## Task description
Going down the listing below, print exactly each line from the one with "#2 forklift [609,0,1179,800]" up to and including the one with "#9 pillar with roof beam [1291,0,1332,69]", and skip the rest.

## Extracted data
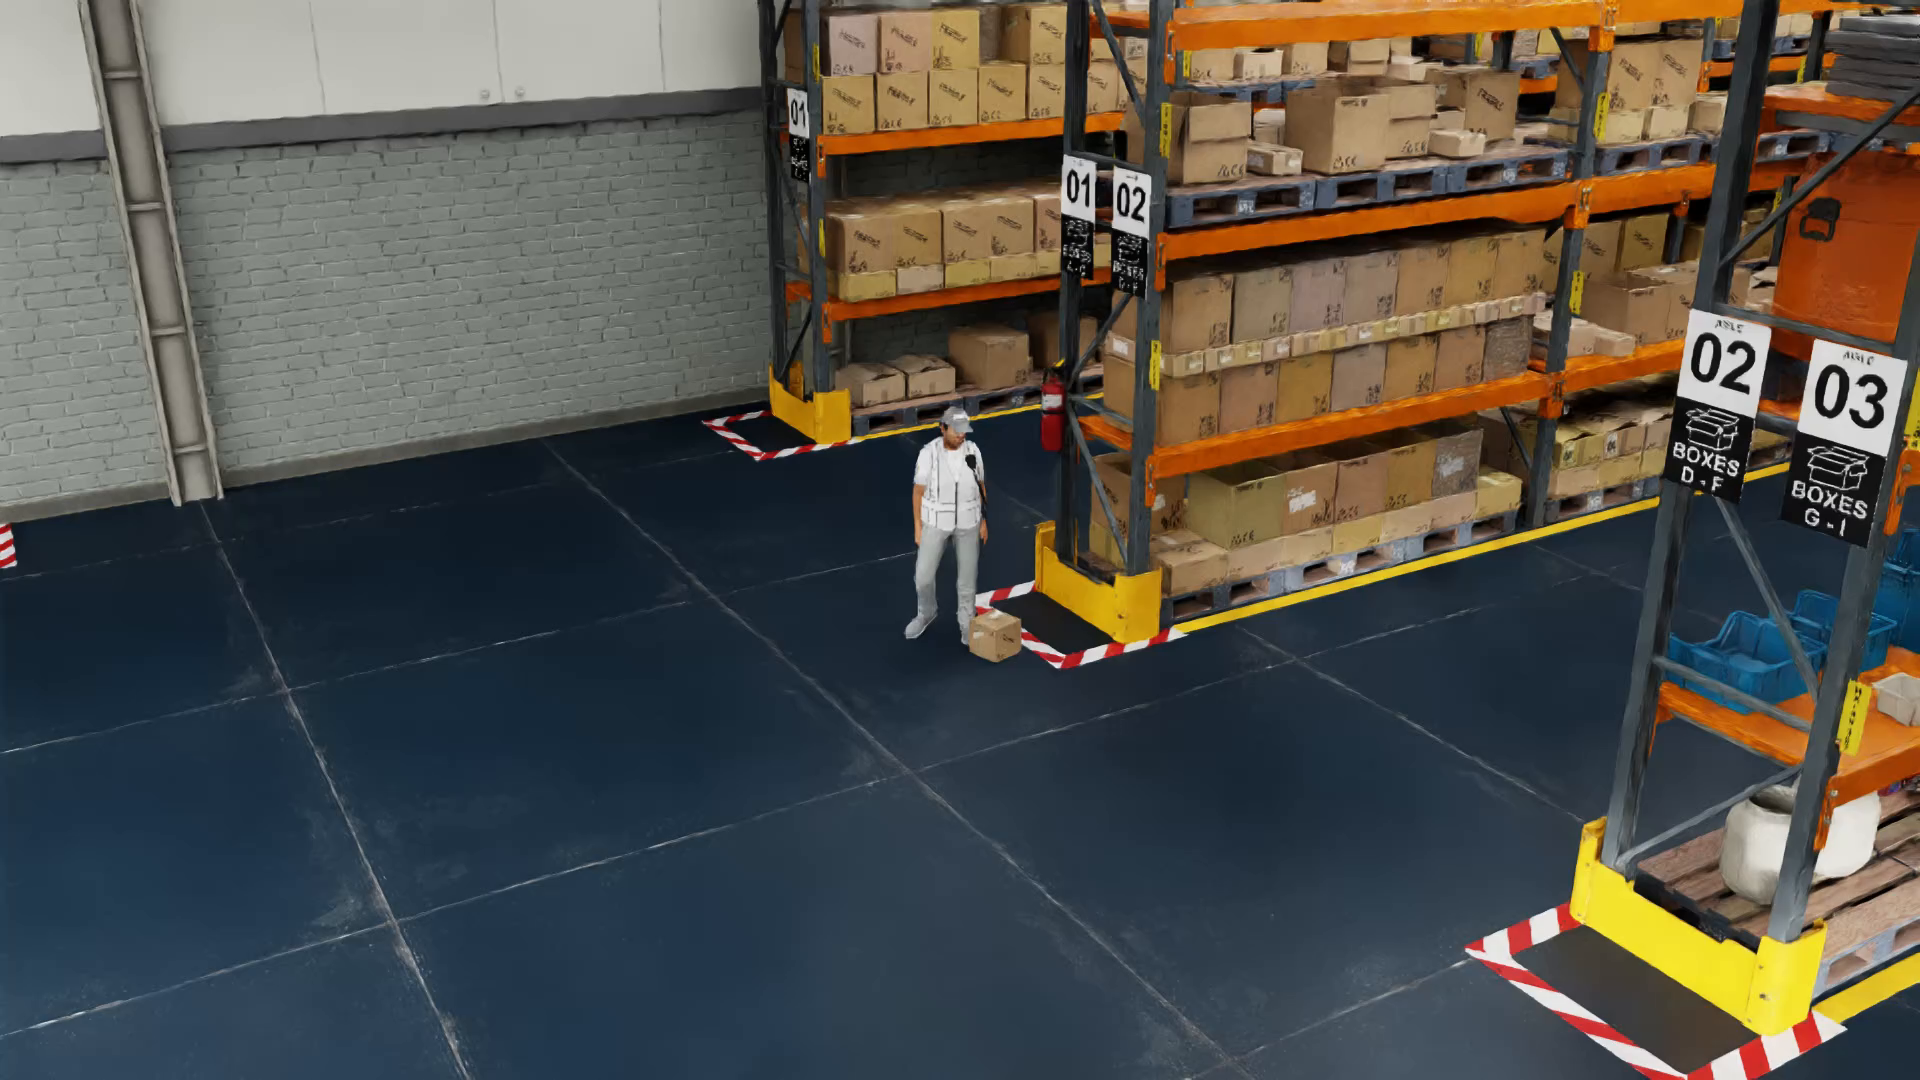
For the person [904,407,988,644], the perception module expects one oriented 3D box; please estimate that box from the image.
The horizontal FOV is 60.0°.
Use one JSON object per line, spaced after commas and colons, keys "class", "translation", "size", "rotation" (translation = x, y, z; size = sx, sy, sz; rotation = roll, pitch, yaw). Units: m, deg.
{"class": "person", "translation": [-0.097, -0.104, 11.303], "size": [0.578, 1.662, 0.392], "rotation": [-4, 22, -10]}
--
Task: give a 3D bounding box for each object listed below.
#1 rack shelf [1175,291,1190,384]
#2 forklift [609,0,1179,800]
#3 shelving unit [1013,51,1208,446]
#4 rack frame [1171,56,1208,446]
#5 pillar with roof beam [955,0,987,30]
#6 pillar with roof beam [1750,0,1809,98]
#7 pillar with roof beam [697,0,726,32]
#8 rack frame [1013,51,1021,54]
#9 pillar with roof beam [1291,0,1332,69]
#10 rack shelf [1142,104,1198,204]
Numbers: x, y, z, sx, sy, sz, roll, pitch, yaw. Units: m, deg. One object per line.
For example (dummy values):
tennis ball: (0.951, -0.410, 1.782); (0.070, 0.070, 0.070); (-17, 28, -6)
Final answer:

## Exercise answer
#2 forklift [609,0,1179,800]
#3 shelving unit [1013,51,1208,446]
#4 rack frame [1171,56,1208,446]
#5 pillar with roof beam [955,0,987,30]
#6 pillar with roof beam [1750,0,1809,98]
#7 pillar with roof beam [697,0,726,32]
#8 rack frame [1013,51,1021,54]
#9 pillar with roof beam [1291,0,1332,69]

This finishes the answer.